Using pointers vs. address-of operator while copying linked lists in C++

135 views Asked by At

I made the following linked list structure and printList function. Both functioned correctly:

struct Node{
    int data;
    Node *np;
};

void printList(Node *x){
    cout << x->data << " ";
    if (x->np != NULL){
        printList(x->np);
    }
    return;
}

Then I decided to write a recursive function to copy over a linked list. One implementation, returning a pointer value, works...whereas the other, returning an address-of didn't work...I can't for the life of me figure out why this is the case:

This works:

Node * copyList(Node *x){

    Node * y = new Node;
    y->data = x->data;
    if (x->np != NULL){
        y->np = copyList(x->np);
    }else{
        y->np = NULL;
    }
    return y;
}

This doesn't work:

Node * copyList(Node *x){
    Node y = {x->data,NULL};
    if (x->np != NULL){
        y.np = copyList(x->np);
   }
   return &y;
}

I'm a little confused as to why. I would assume that given that a pointer essentially refers to a memory address, returning &y would be just as fine...

3

There are 3 answers

0
Tabaqui On BEST ANSWER

In the second case the Node y object you are creating will go out of scope when the function call will end. The address you are returning will then be not valid.

0
AudioBubble On

As soon as copyList exits, all of its local variables are destroyed; there no longer exists a Node object at the location pointed to by the pointer you return.

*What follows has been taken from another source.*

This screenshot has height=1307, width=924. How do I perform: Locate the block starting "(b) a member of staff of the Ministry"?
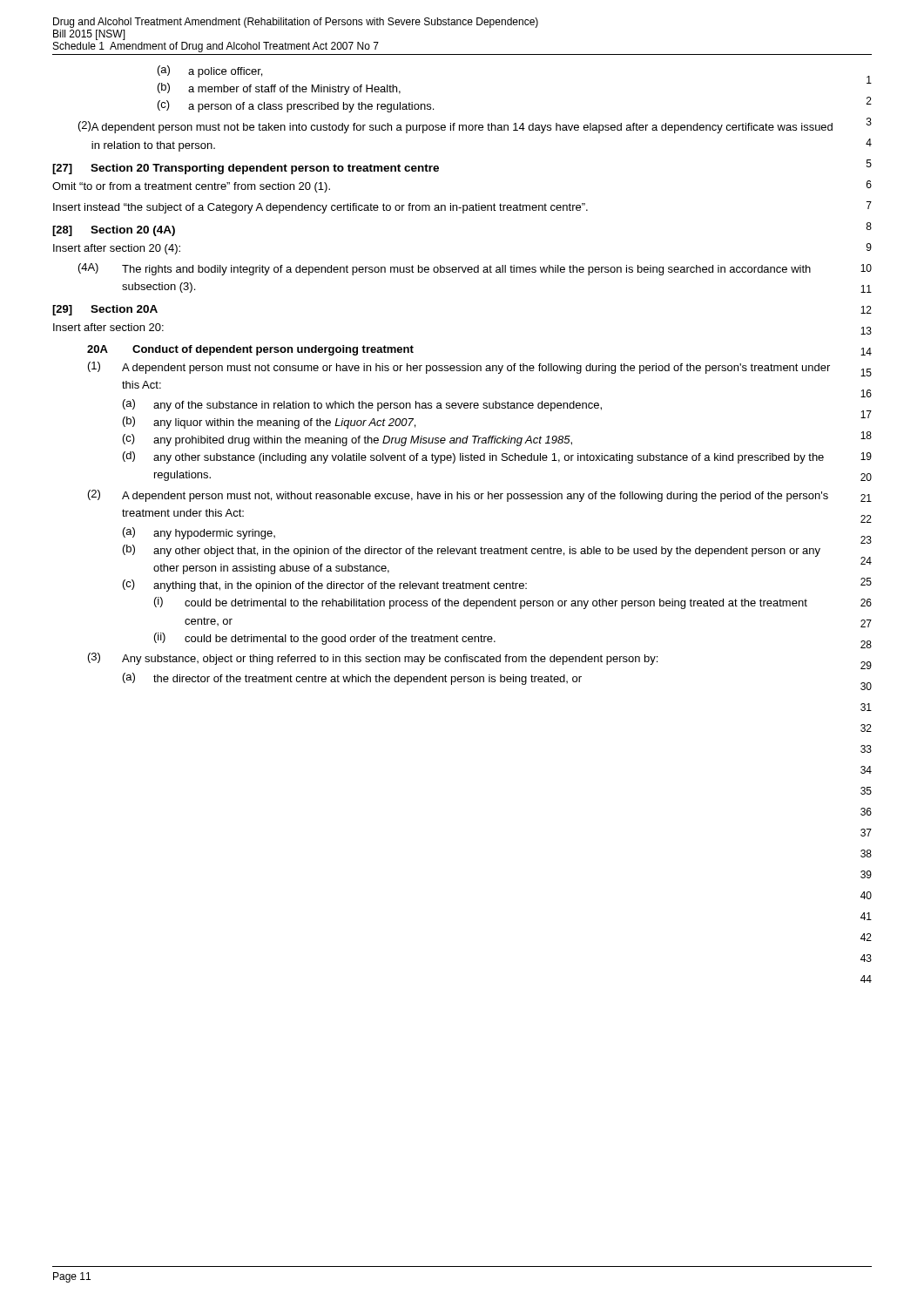(x=279, y=89)

That memory will likely be used for some other purpose the next time you call a function.

0
Vlad from Moscow On

The first function is also invalid because in general the argument that is x can be equal to NULL. So you have undefined behaviour in statement

y->data = x->data;

A correct function can look like

Node * copyList( const Node *x )
{
    if ( x == NULL )
    {
        return NULL;
    }
    else
    {
        Node *y = new Node { x->data, copyList( x->np ) };
        return y;
    }
} 

Or even like

Node * copyList( const Node *x )
{
    return ( x == NULL ) ? NULL : new Node { x->data, copyList( x->np ) };
} 

The same problem exists with function printList. It should be defined like

void printList( const Node *x )
{
    if ( x == NULL )
    {        
        std::cout << std::endl;
    }       
    else
    {        
        std::cout << x->data << ' ';
        display( x->np );
    }        
}    

As for the second function then apart from this error it returns pointer to a local variable that after exiting the function becomes invalid because the local variable will be deleted.